Değişken oranlarda müsin içeren, kolumnar veya küboidal hücrelerden oluşan PanIN’ler sitolojik ve arkitektürel atipilerine göre PanIN-1, PanIN-2 ve PanIN-3 olarak sınıflanır.
PanIN-1’de lezyonun düz (PanIN-1A) veya papiller (PanIN-1B) olarak 2 gruba ayrılır
Duktal adenokarsinomada olduğu gibi PanIN’lerin sıklığı yaş ile artar ve pankreas başında, pankreas kuyruğundan daha sık gözlenir. PanIN’ler pankreatik duktal adenokarsinoma ile benzer genetik anomaliler içerir.
1-PanIN-1A: Bol miktarda supranükleer müsin içeren, nükleusu bazalde lokalize uzun kolumnar hücrelerden oluşan düz bir epitelyal lezyondur. Lezyonel hücrelerde nükleus küçük, yuvarlak-oval şekillidir. Nükleuslar oval olduğunda bazal membrana dik yerleşim gösterir.
2-PanIN-1B: Bu epitelyal lezyonun sitolojik özellikleri PanIN-1A ile benzer nitelikte olup, papiller, mikropapiller veya pseudostratifiye arkitektüre sahiptir.
3-PanIN-2: Bu epitelyal lezyonun çoğu papillerdir, ancak düz lezyonlarda söz konusu olabilir. Polarite kaybı, nükleer yığılma, büyümüş nükleus, pseudostratifikasyon, hiperkromaziyi içeren nükleer anomalilerden bazıları, PanIN3’tekinden daha hafif şiddette olacak şekilde bu epitelyal lezyonda gözlenir. Mitoz nadiren görülebilir ancak gözlendiğinde lüminal lokalizasyonda bulunmaz ve atipik mitoz görünümünde değildir. Lüminal nekroz içeren gerçek kribriform yapılar ve belirgin sitolojik anomali genellikle gözlenmez.
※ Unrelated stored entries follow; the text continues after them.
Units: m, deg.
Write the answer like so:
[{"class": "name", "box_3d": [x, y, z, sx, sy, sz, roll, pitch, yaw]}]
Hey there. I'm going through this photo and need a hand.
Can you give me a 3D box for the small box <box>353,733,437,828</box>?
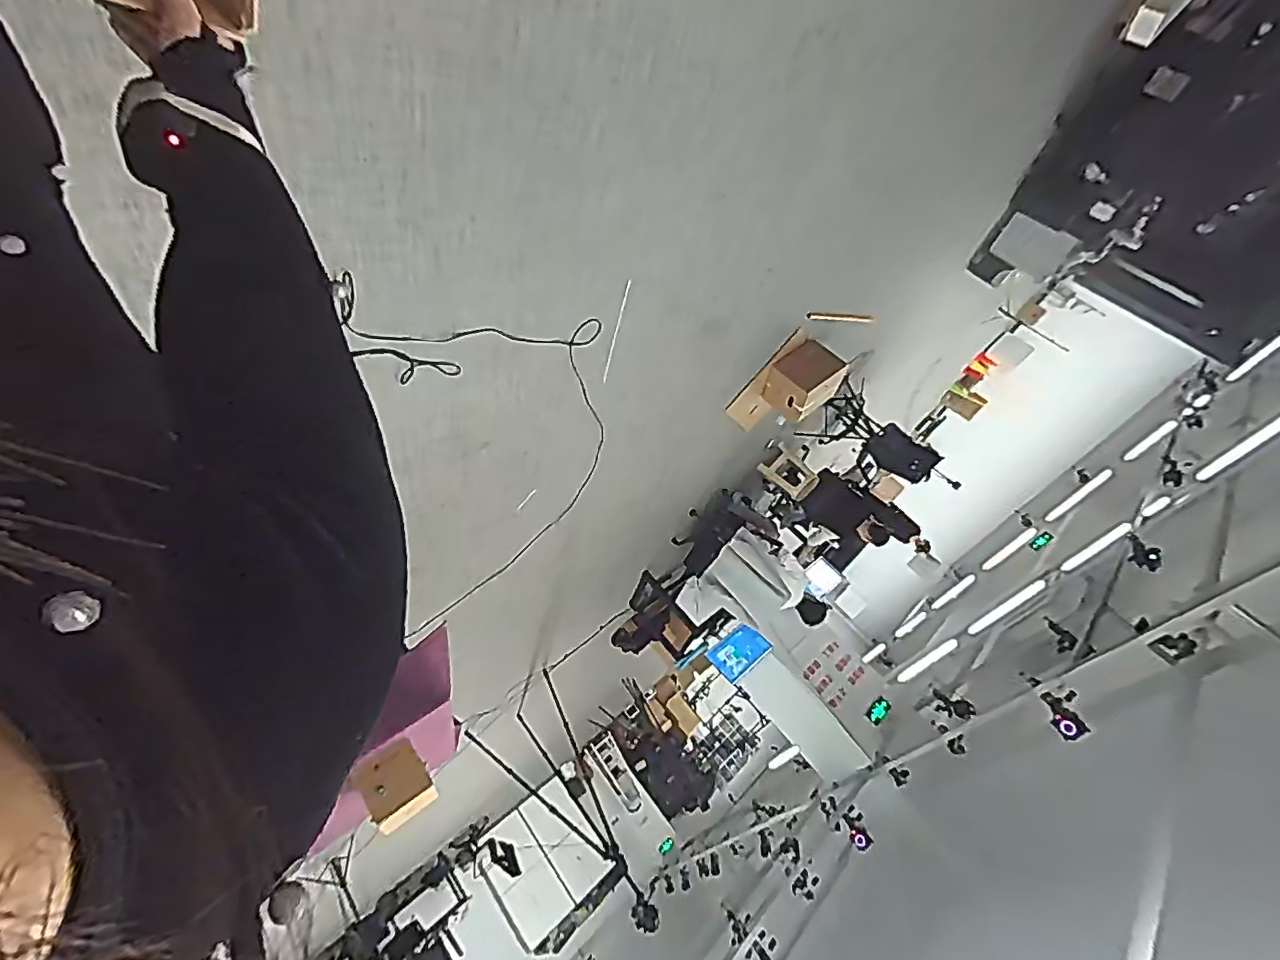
[{"class": "small box", "box_3d": [-0.726, 0.887, 1.605, 0.168, 0.176, 0.179, -28, 154, -33]}]

4-PanIN-3: Bu lezyonlar genellikle papiller veya mikropapillerdir, nadiren düz olabilir. Gerçek kribriform yapılar, küçük epitelyal hücre kümelerinin lümen içine 13 tomurcuklanması ve lüminal nekroz PanIN-3 tanısını akla getirmelidir. PanIN-3 lezyonlarda nükleer polarite kaybı, distrofik goblet hücreleri (nükleusu bazal membrana doğru oriante olmuş goblet hücresi), anormal mitotik figürler, nükleer irregülerite gibi PDAK’da izlenen görüntüye rağmen bazal membran invazyonu yoktur
II-İntraduktal papiller müsinöz neoplazi (IPMN) pankreatik kistik hastalığın farklı bir antitesidir, gros olarak görülebilen (>5mm) pankreatik dukt hücrelerinden köken alan müsin salgılayan intraduktal epitelyal neoplazidir. İntestinal ve intestinal olmayan IPMN’lerin farklı biyolojik yolaklar izlediğine dair kanıtlar vardır.
Tek bir IPMN birden fazla epitel tipi içerebilir.
III-Müsinöz kistik neoplaziler (MCN) pankreasın en nadir kanser öncüsü lezyonlarıdır. Yavaş büyüyen kistik tümörlerdir, pankreasın duktal sisteminden köken almazlar. MCN’de displazi ve fokalite vardır.
Premalign durumların tespiti için yapılacak taramalardan fayda görebilecek PanIN, MCN ve IPMN gibi yüksek riskli hastaların belirlenmesi gereklidir, ancak kabul edilebilir bir tarama testi henüz yoktur. Günümüzde tek küratif tedavi opsiyonu radikal yaklaşımlı cerrahi rezeksiyondur. Mekanizma bazlı tedavi seçenekleri gelecekte görülecektir.